しかも、それでいて結局またしても重くなってしまいましたし…。
出だしに書いた今話のテーマな『捻くれ八幡流ひねくれ理論』が良くなかったのかもしれませんね。反省。
――なんか俺には判断がつかないが、由比ヶ浜と喧嘩したことになってしまうっぽい趣旨の発言を俺がしてしまってたらしいので、気まずさを紛らわすため今日は過去の話をしようと思う。
・・・そう、あれは俺が無理やり入部させられた奉仕部に自主志願して入ってきた由比ヶ浜が加わってから数日が経過した、ある昼休み中での出来事だった。
その日は雨が降っていたせいで行くところがなくなっていた俺は、仕方なく教室でコンビニパンをもっしゃもっしゃと食んでいた。
いつもなら昼食にピッタリなベストプライス空間で飯を食う俺だけど、さすがに濡れながら飯を食う趣味はないし、雨の日の昼休みを一人で過ごす用にもってきていた小説やマンガは、昨日部室に読みさしの状態で置いてきてしまい手元にない。
こうなると一人、ボンヤリと物事について考えながら自己完結前提の、他人から見りゃ自己満足思考に沈むぐらいしかやることがなくなってしまう。それぐらいに暇を持て余していた。
・・・しかし、いつも思うことだが一人で過ごす時間が長いと自然といろいろなことが自分の中で考えてしまうな。
たとえば今、教室の前方で固まっている彼らとかについてだ。
「ちょおま、ハンマーとか!」
「ガンランスでジェノサイド余裕でした^^」
確か小田とか田原とか言うクラスメイト男子二人が、PSPを持ち寄りアドホックで狩りをしている。
いや、もしかしたら田中だったかもしれないし田辺だったかもしれないが、まぁ名字のどっかに『田』が付いてるヤツらだ。
日本全国には無数にいるだろうし、学校中どころかクラス内でだけ探しても他に当てはまる奴いるかもしれないけど、別に重要でも何でもないヤツらだから覚えてないだけだしテキトーでいいだろう。

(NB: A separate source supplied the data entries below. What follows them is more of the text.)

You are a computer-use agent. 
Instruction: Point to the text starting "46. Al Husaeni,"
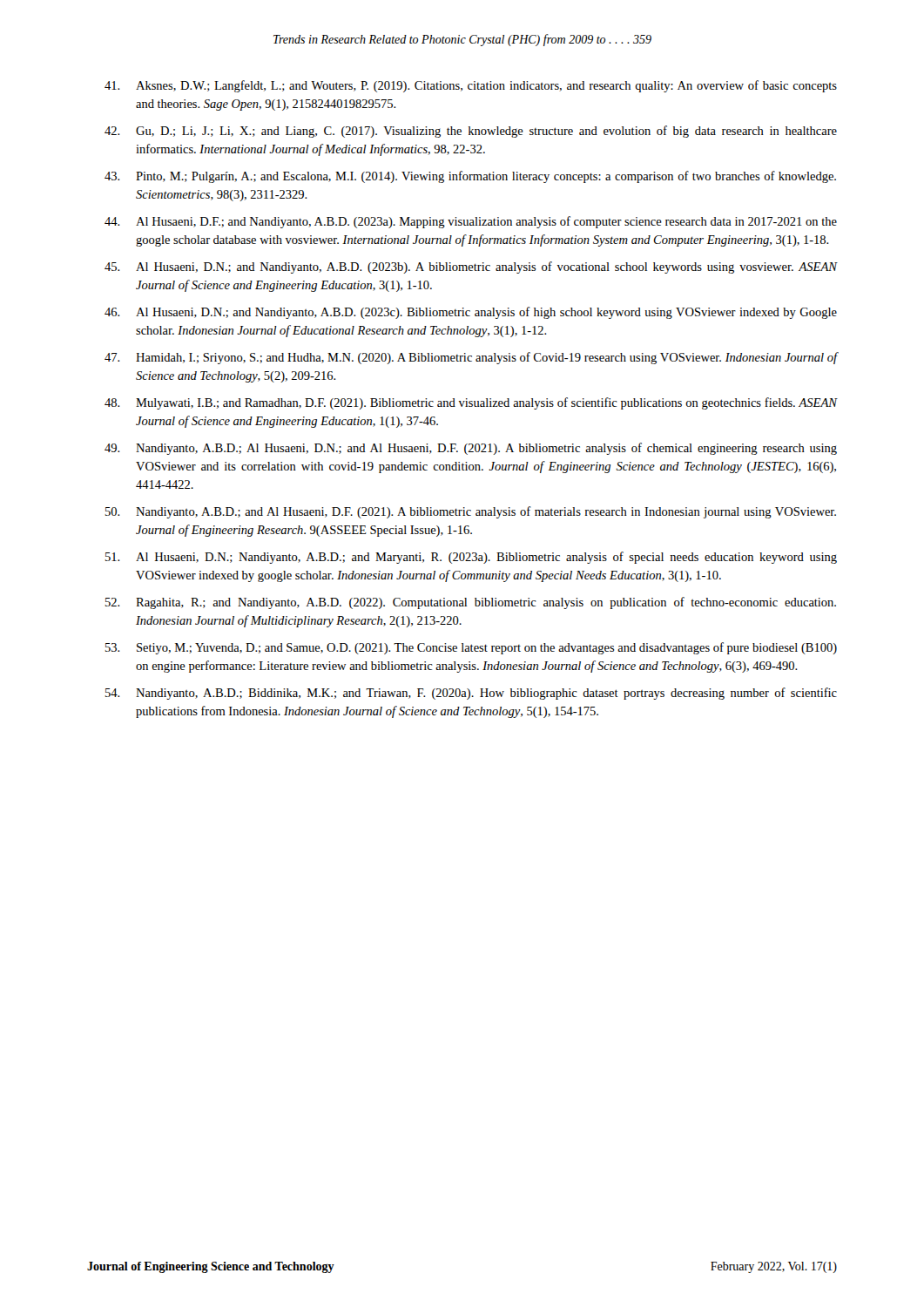coord(471,322)
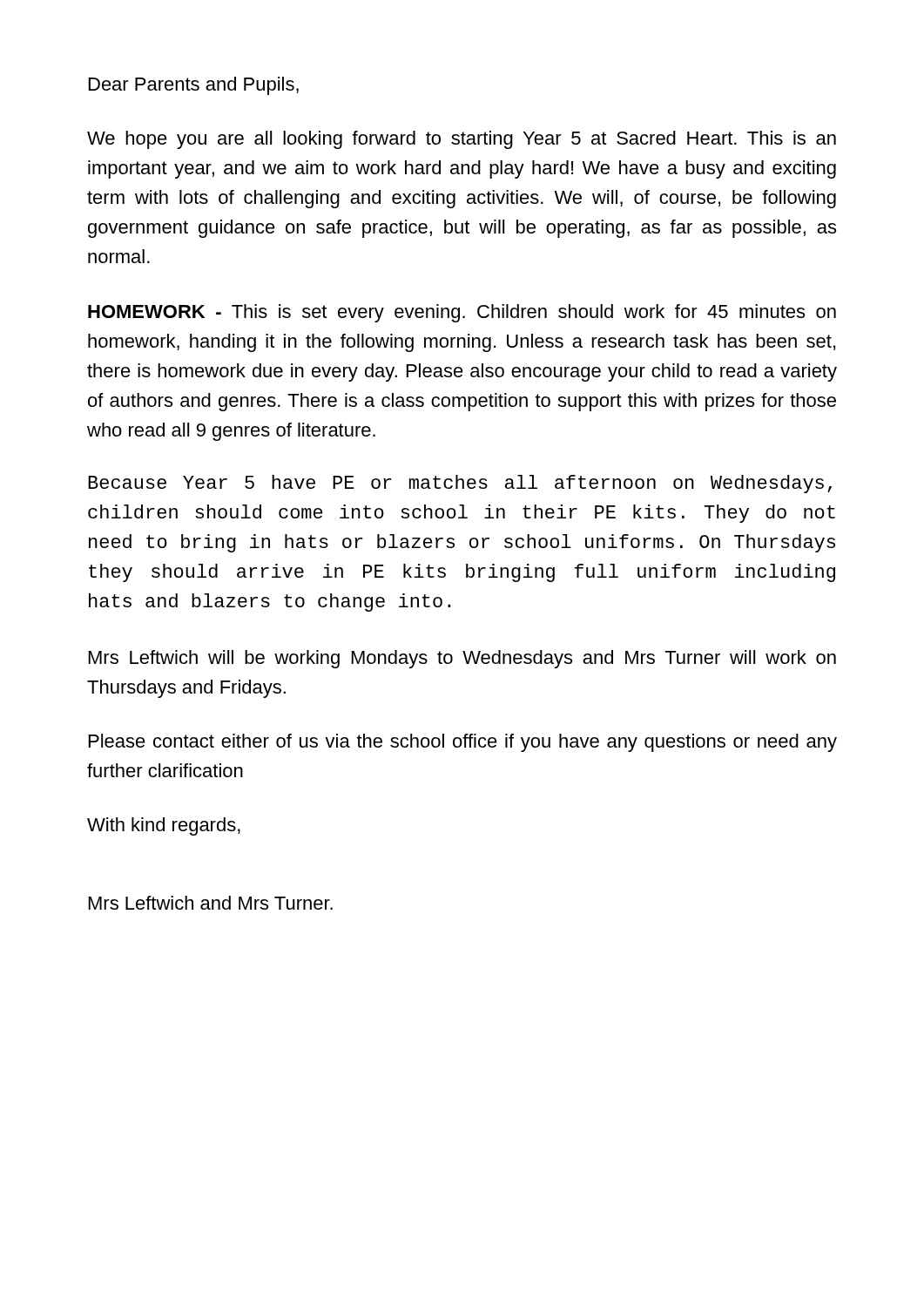Click where it says "With kind regards,"

164,825
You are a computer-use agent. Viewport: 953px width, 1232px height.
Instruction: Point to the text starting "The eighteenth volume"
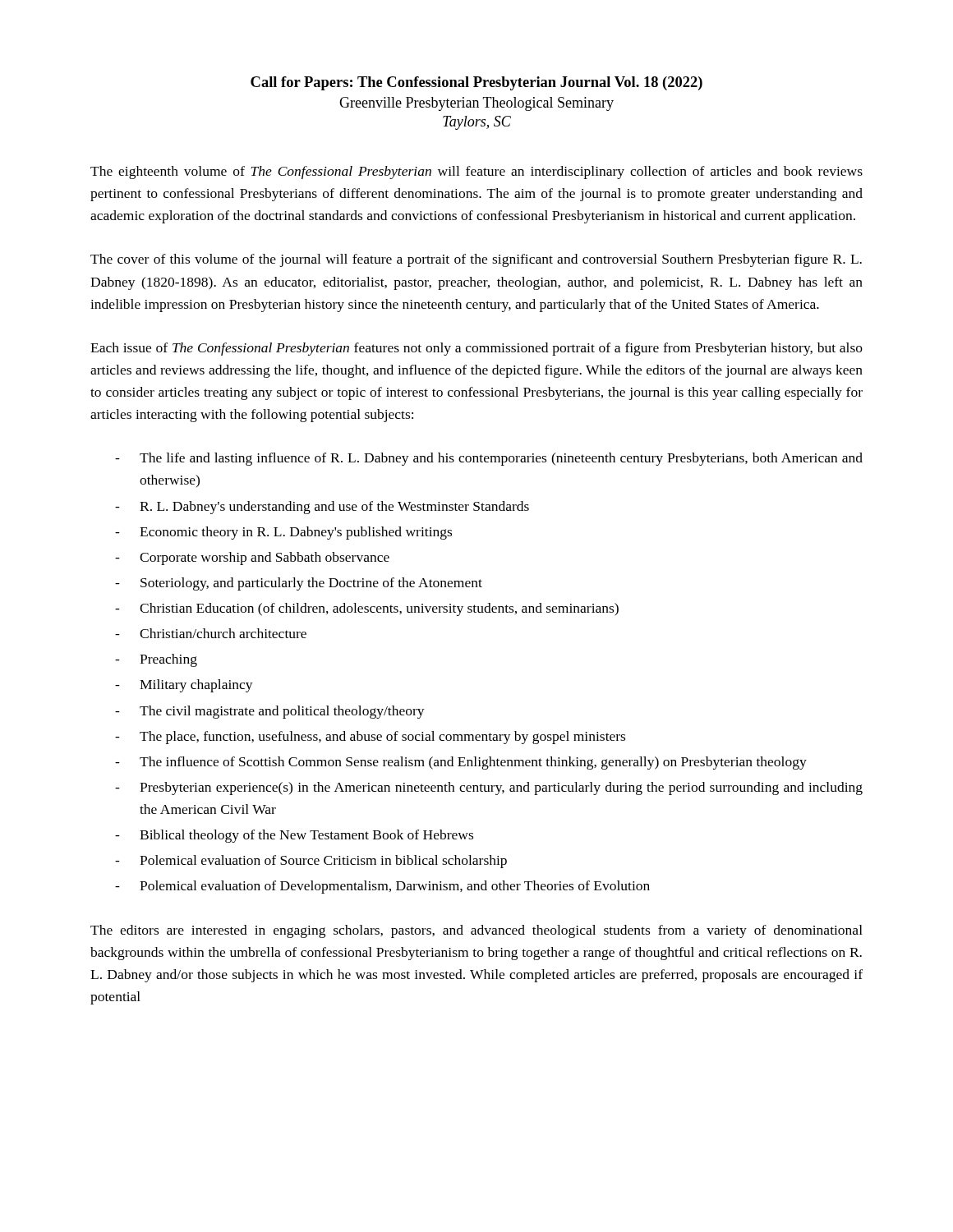click(x=476, y=193)

どーせ相手も俺のことは『ヒキなんとか君』ぐらいにしか覚えてないだろうから気にする必要性は微塵もない。
その田中だか田辺だか田原だか、たぶん田の付く二人が楽しそうに俺もやってるゲームをプレイしながら話もしている姿を見ていると俺は考えてしまうのだ。
あのゲームは俺もやっているし、正直言って話し合い自体には混ざりたいと思うが、彼ら二人の話には混ざりたいとは思えないな・・・と。
彼らが楽しく話し合える相手だとは思えないからだ。彼らから見た俺も同様だろう。
仮に俺が彼らのゲーム談義に交じれたとしても「にわか」とか「嘘非モテ」とか陰口を叩かれてイヤイヤ仲間に加えているだけになる。
彼らから見ると中途半端な容姿をもつ俺が格下の存在であり、自分たちより下の人間が自分たちの好きなゲームで、自分たちと同等の知識とスキルを持っていることが不快だからだ。
だからこそ「にわか」とか「嘘非モテ」とかのレッテルを張って、「どーせネットで見た受け売り知識を語っているだけ」という風に自分の中で完結させたがる。
結局のところ友達というのは、自分が相手に望んでいる期待通りの反応を返せる奴とだけ成立するものなんだろうと俺は考えている。
一方で、そうしたコミュニケーションが実にスマートで得意な人種も、彼らや俺と同じクラス内には存在している。
「いやー、今日は無理そうかな。部活あるし」
「別に一日くらいよくない? 今日ね、サーティワンでダブルが安いんだよ。あーしチョコとショコラのダブルが食べたい」
「それどっちもチョコじゃん(笑)」
今教室の後ろの方で楽しそうに談笑している煌びやかな集団がそうだ。サッカー部二人とバスケ部の男子が二人、女子が三人。華やかな雰囲気のクラス内最上位カーストにいる連中だ。由比ヶ浜もここに属している。・・・この前まで俺は気づいてなかったけれども。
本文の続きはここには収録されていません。